▸ **Problem description**:
Retype only what runs from the first line of the records to the line with "- leather shoes [74, 389, 97, 398]", inclusive, and no pictures.

:::::

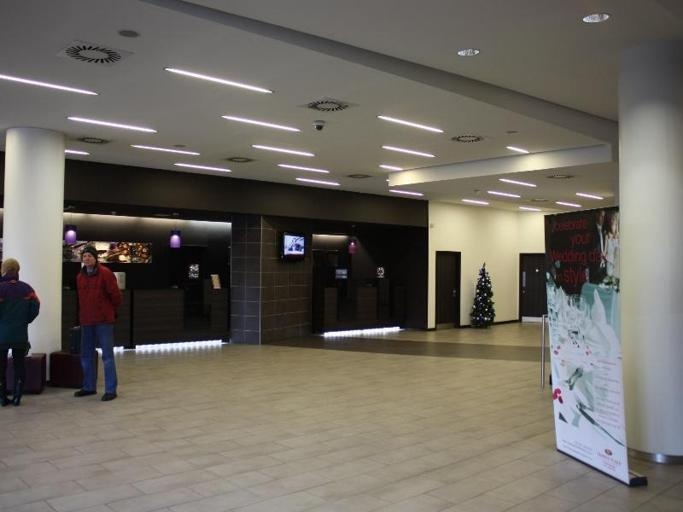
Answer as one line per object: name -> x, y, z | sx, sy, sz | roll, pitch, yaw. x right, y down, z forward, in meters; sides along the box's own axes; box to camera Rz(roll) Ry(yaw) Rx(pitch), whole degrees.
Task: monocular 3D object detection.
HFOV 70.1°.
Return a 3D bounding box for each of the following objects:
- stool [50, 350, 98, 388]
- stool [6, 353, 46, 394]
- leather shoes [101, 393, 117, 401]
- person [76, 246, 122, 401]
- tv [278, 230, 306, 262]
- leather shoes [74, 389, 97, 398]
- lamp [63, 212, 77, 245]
stool -> -4.312, 1.757, 7.994 | 0.688, 0.700, 0.715 | 0, -1, -4
stool -> -4.690, 1.778, 7.492 | 0.549, 0.582, 0.570 | 1, -4, -5
leather shoes -> -3.378, 2.034, 7.096 | 0.230, 0.095, 0.165 | 2, -2, -40
person -> -3.594, 0.974, 7.188 | 0.575, 2.212, 0.565 | 2, -2, -29
tv -> -1.415, -0.273, 13.473 | 0.117, 0.756, 0.836 | -5, -5, 44
leather shoes -> -3.826, 2.055, 7.310 | 0.323, 0.142, 0.115 | 14, -12, -39
lamp -> -7.195, -0.720, 12.935 | 0.322, 0.840, 0.597 | 2, -2, -30
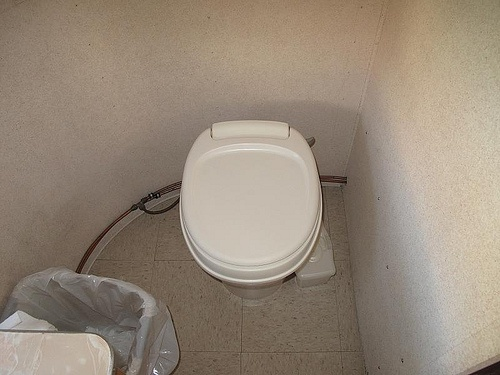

:::::

▸ **Reply to the task**:
Answer as one line per object: name -> x, y, z | sx, sy, sz | roll, pitch, yaw. x right, y down, z forward, in meters; sides along the box's own axes; box to camera Rz(roll) Ry(yaw) Rx(pitch), whole degrees.
Task: monocular 3D object detection.
HFOV 70.1°.
Return a 3D bounding box for each of the following objects:
- stool [50, 350, 98, 388]
- stool [6, 353, 46, 394]
- leather shoes [101, 393, 117, 401]
- person [76, 246, 122, 401]
- tv [278, 230, 306, 262]
- leather shoes [74, 389, 97, 398]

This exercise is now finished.